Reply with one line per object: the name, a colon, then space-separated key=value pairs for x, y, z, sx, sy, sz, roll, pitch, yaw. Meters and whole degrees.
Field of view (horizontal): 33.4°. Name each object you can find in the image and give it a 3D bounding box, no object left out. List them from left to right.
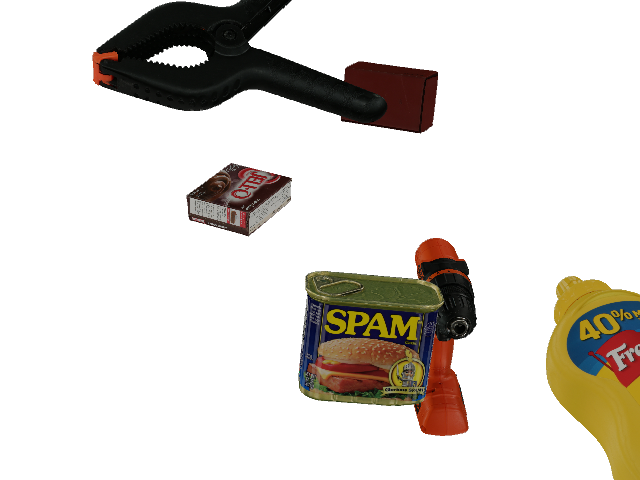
clamp: x=-0.060 y=-0.135 z=0.791 sx=0.209 sy=0.165 sz=0.036 roll=-18 pitch=-27 yaw=-19
pudding box: x=-0.100 y=-0.053 z=1.331 sx=0.090 sy=0.039 sz=0.113 roll=14 pitch=34 yaw=22
can of meat: x=0.035 y=0.074 z=0.798 sx=0.102 sy=0.084 sz=0.057 roll=5 pitch=17 yaw=-4
foam brick: x=0.063 y=-0.132 z=0.979 sx=0.078 sy=0.051 sz=0.053 roll=11 pitch=18 yaw=17
power drill: x=0.133 y=0.111 z=1.139 sx=0.057 sy=0.188 sz=0.184 roll=0 pitch=24 yaw=-1
mustard bottle: x=0.186 y=0.081 z=0.617 sx=0.096 sy=0.058 sz=0.192 roll=-12 pitch=35 yaw=-10
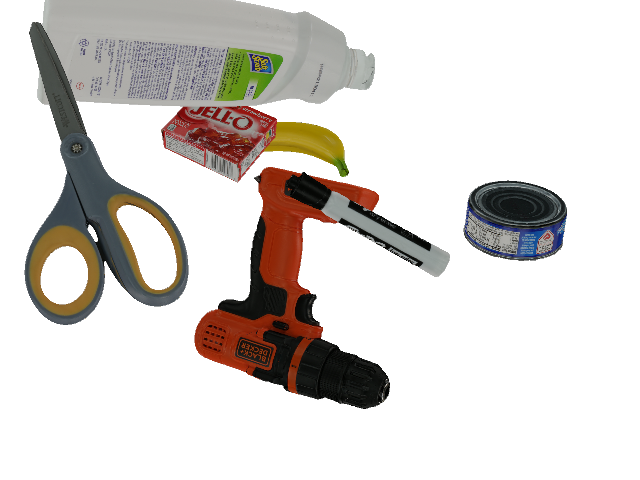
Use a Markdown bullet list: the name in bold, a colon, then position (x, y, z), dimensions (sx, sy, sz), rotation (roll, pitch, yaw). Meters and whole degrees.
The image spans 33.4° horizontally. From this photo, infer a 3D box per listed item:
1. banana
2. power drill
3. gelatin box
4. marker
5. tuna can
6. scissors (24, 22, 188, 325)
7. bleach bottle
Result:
- **banana**: position (-0.052, -0.119, 1.312), dimensions (0.198, 0.037, 0.069), rotation (7, 39, 17)
- **power drill**: position (-0.009, 0.039, 0.927), dimensions (0.185, 0.187, 0.057), rotation (15, 0, 20)
- **gelatin box**: position (-0.098, -0.105, 1.040), dimensions (0.089, 0.073, 0.030), rotation (26, -37, 15)
- **marker**: position (0.031, -0.011, 0.715), dimensions (0.121, 0.020, 0.020), rotation (29, -6, -10)
- **tuna can**: position (0.167, -0.019, 0.916), dimensions (0.086, 0.034, 0.086), rotation (2, 30, -1)
- **scissors**: position (-0.150, -0.034, 0.603), dimensions (0.096, 0.202, 0.016), rotation (-34, -21, -14)
- **bleach bottle**: position (-0.084, -0.139, 0.815), dimensions (0.250, 0.068, 0.103), rotation (5, -33, -15)
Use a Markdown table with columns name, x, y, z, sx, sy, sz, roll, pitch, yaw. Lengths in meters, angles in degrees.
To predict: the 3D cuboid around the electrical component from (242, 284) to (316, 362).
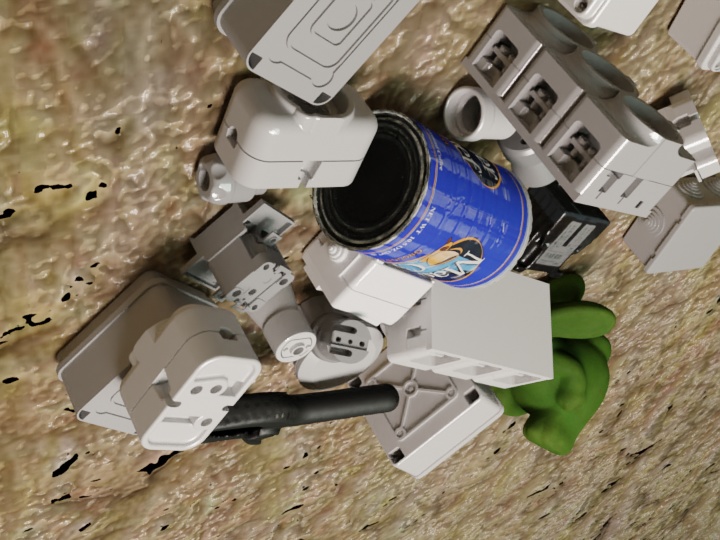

————

**REQUIREMENT:**
Using the data above, say how many lines include the word "colon". Write only that number.

**SOLUTION FOR THIS PROBLEM:**
2